» **About this task**: Every line that contains the word "whole" should be copied from the records below.

» **Dataset records**:
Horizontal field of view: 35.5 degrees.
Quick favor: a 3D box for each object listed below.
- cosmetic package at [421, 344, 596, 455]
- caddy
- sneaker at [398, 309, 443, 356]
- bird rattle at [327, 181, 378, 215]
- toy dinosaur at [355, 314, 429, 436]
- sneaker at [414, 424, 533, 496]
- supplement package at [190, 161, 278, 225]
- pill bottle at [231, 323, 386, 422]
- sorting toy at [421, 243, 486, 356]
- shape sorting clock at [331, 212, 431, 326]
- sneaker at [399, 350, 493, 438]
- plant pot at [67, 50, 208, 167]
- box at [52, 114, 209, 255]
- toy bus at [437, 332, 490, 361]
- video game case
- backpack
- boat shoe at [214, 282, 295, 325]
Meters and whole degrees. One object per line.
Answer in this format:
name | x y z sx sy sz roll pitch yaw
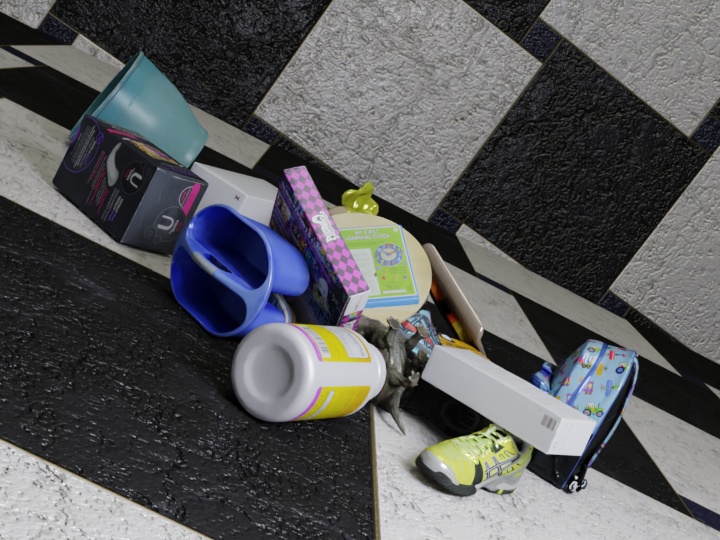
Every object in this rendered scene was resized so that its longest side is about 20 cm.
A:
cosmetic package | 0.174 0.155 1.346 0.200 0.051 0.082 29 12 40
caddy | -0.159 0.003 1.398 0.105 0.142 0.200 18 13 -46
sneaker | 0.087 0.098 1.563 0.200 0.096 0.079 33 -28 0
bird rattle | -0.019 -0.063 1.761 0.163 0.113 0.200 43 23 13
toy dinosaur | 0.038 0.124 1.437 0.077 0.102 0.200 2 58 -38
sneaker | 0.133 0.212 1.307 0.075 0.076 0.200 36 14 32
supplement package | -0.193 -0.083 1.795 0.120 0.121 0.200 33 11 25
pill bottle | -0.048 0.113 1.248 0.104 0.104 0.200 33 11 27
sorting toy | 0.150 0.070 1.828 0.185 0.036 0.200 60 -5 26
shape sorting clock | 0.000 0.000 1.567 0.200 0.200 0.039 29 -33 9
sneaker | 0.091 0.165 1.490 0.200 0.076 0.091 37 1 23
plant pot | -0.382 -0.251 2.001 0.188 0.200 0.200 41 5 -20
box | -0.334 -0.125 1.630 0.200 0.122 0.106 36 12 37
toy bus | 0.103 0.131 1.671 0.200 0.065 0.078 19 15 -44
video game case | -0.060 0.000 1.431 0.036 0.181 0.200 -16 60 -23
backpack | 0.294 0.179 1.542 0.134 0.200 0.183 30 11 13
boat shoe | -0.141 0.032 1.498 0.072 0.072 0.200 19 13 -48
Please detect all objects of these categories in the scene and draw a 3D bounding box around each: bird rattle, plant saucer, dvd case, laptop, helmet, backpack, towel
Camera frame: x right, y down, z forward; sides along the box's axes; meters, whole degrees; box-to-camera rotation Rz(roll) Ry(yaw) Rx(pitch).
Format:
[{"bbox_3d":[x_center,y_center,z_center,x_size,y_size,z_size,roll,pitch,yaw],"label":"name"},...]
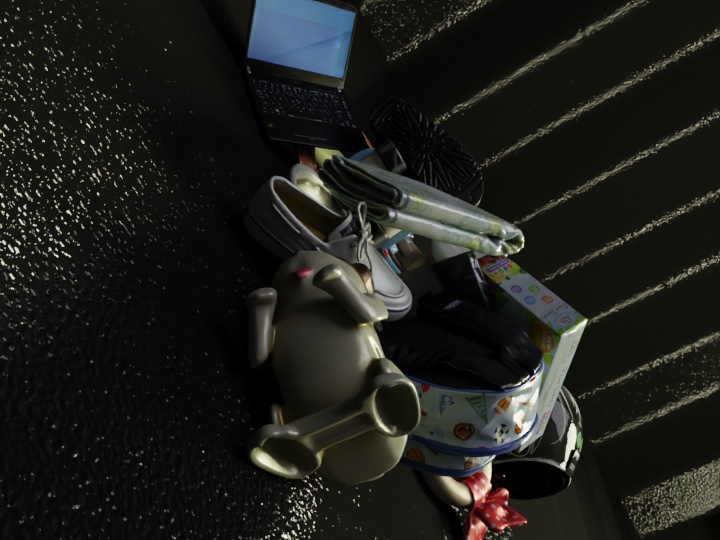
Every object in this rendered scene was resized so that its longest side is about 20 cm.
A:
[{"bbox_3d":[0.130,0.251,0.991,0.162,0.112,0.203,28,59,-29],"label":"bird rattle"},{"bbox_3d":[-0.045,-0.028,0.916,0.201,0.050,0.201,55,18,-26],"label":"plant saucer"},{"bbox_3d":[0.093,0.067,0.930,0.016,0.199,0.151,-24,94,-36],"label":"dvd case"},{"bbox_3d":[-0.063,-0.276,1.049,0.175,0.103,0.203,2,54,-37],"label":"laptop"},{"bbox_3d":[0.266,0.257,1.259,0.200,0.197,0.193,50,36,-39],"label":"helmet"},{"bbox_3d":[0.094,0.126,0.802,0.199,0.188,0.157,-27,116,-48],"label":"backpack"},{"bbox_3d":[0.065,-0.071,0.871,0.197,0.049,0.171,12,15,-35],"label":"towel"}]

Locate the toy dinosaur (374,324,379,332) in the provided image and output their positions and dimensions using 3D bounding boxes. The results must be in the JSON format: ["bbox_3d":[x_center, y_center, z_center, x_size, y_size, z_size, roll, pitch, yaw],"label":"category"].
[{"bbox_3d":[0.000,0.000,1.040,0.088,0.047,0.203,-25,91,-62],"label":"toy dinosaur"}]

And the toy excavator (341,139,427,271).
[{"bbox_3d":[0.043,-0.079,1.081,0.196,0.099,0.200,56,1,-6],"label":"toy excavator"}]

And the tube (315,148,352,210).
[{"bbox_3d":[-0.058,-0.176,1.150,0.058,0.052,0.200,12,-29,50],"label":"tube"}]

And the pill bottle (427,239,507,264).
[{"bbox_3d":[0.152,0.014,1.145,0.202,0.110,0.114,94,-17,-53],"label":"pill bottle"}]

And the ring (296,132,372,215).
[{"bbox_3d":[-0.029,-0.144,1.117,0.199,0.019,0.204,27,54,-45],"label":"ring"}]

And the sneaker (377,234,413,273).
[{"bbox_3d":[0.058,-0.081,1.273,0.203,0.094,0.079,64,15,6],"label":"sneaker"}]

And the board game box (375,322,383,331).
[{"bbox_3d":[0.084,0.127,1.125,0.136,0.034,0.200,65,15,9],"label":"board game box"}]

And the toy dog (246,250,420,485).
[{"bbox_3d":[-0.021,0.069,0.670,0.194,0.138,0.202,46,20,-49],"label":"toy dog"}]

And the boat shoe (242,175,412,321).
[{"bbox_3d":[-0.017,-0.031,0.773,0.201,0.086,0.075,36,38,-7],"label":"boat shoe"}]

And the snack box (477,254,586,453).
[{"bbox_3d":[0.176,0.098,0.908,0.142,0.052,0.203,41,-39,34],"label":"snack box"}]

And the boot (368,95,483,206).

» **Solved problem**:
Meters and whole degrees. One object per line.
Camera frame: x right, y down, z forward; sides along the box's axes; meters, whole degrees; box-to-camera rotation Rz(roll) Ry(yaw) Rx(pitch).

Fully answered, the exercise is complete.